→ **Recorded information**:
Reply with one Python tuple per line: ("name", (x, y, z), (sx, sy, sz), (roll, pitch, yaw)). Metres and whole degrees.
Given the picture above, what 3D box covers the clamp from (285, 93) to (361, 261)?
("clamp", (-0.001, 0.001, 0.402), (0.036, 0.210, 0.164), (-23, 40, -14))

→ **Exercise aim**: Your answer must be the full listing above, printed exactly as it stands.

→ **Task answer**:
Reply with one Python tuple per line: ("name", (x, y, z), (sx, sy, sz), (roll, pitch, yaw)). Metres and whole degrees.
Given the picture above, what 3D box covers the clamp from (285, 93) to (361, 261)?
("clamp", (-0.001, 0.001, 0.402), (0.036, 0.210, 0.164), (-23, 40, -14))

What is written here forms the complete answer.